[[ Available records open ]]

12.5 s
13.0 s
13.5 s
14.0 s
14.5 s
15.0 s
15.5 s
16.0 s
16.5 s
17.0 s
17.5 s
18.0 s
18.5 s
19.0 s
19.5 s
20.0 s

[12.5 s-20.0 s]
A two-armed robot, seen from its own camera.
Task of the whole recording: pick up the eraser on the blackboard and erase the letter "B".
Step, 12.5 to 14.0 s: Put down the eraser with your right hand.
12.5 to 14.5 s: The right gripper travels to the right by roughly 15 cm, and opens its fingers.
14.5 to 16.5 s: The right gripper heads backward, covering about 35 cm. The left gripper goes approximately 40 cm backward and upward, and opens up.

[[ Available records closed ]]

Each record above must be given again exactly.

12.5 s
13.0 s
13.5 s
14.0 s
14.5 s
15.0 s
15.5 s
16.0 s
16.5 s
17.0 s
17.5 s
18.0 s
18.5 s
19.0 s
19.5 s
20.0 s

[12.5 s-20.0 s]
A two-armed robot, seen from its own camera.
Task of the whole recording: pick up the eraser on the blackboard and erase the letter "B".
Step, 12.5 to 14.0 s: Put down the eraser with your right hand.
12.5 to 14.5 s: The right gripper travels to the right by roughly 15 cm, and opens its fingers.
14.5 to 16.5 s: The right gripper heads backward, covering about 35 cm. The left gripper goes approximately 40 cm backward and upward, and opens up.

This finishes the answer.